From the line containing "Viewport: 924px width, 1307px height." to the final line of the material below, return every line exactly. Do not include pictures.

Material supplied:
- - - - -
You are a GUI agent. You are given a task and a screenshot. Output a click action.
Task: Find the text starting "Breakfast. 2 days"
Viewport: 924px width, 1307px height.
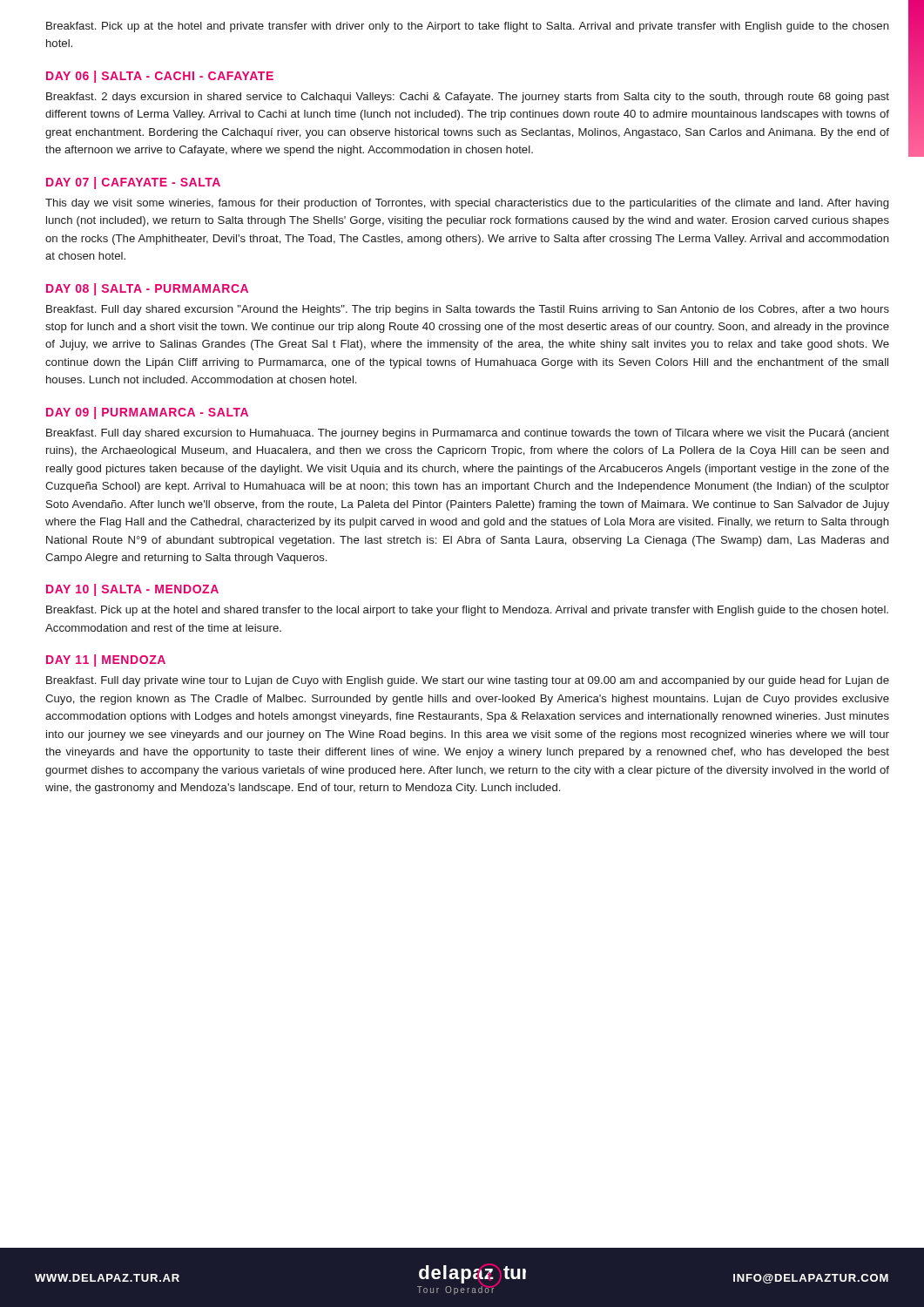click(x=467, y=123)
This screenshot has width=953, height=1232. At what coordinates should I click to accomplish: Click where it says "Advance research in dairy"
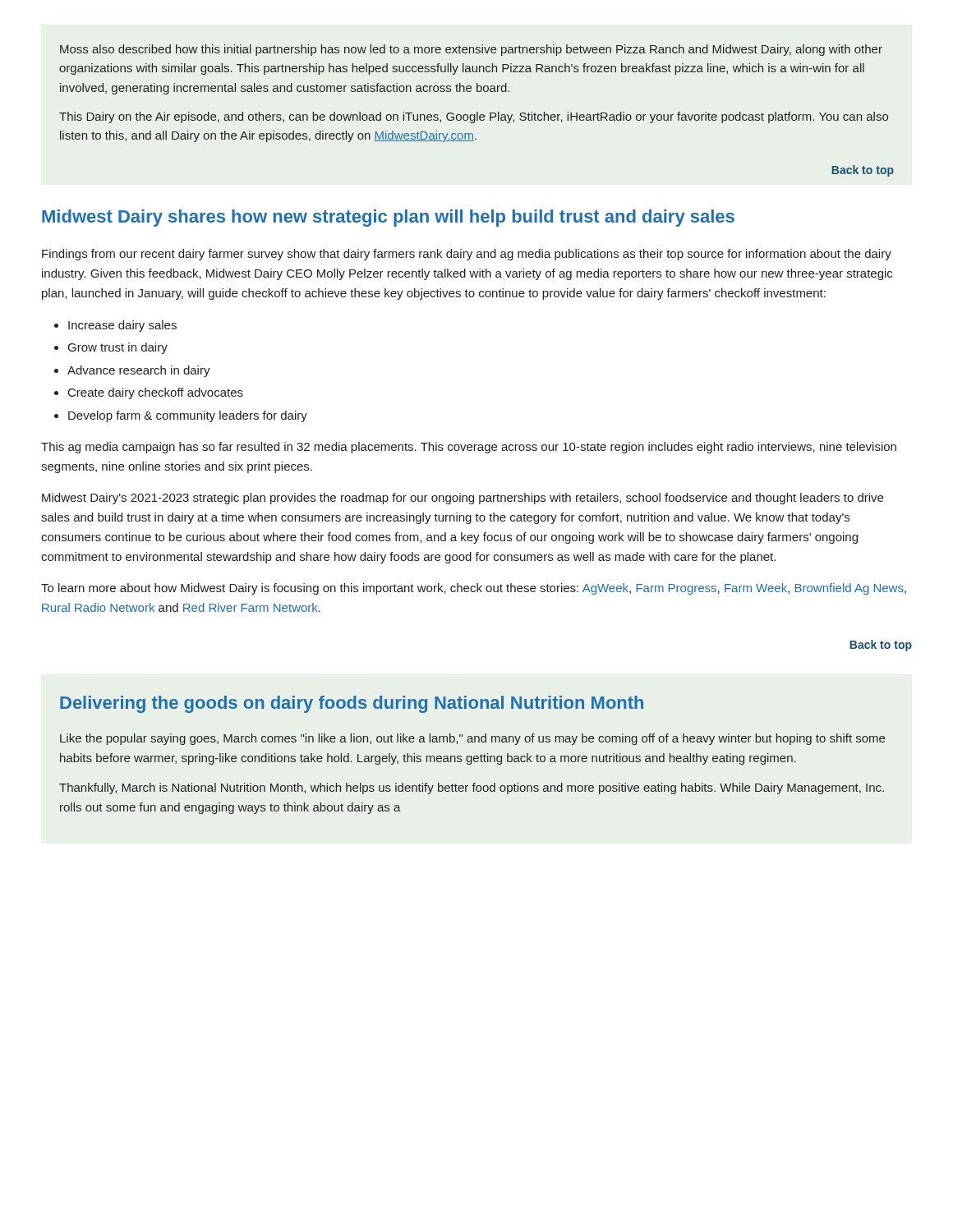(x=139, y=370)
- - - - -
Result for this task:
Viewport: 924px width, 1307px height.
click(x=467, y=123)
This screenshot has width=953, height=1232. At what coordinates should I click to accomplish: Click where it says "Advance research in dairy"
(x=139, y=370)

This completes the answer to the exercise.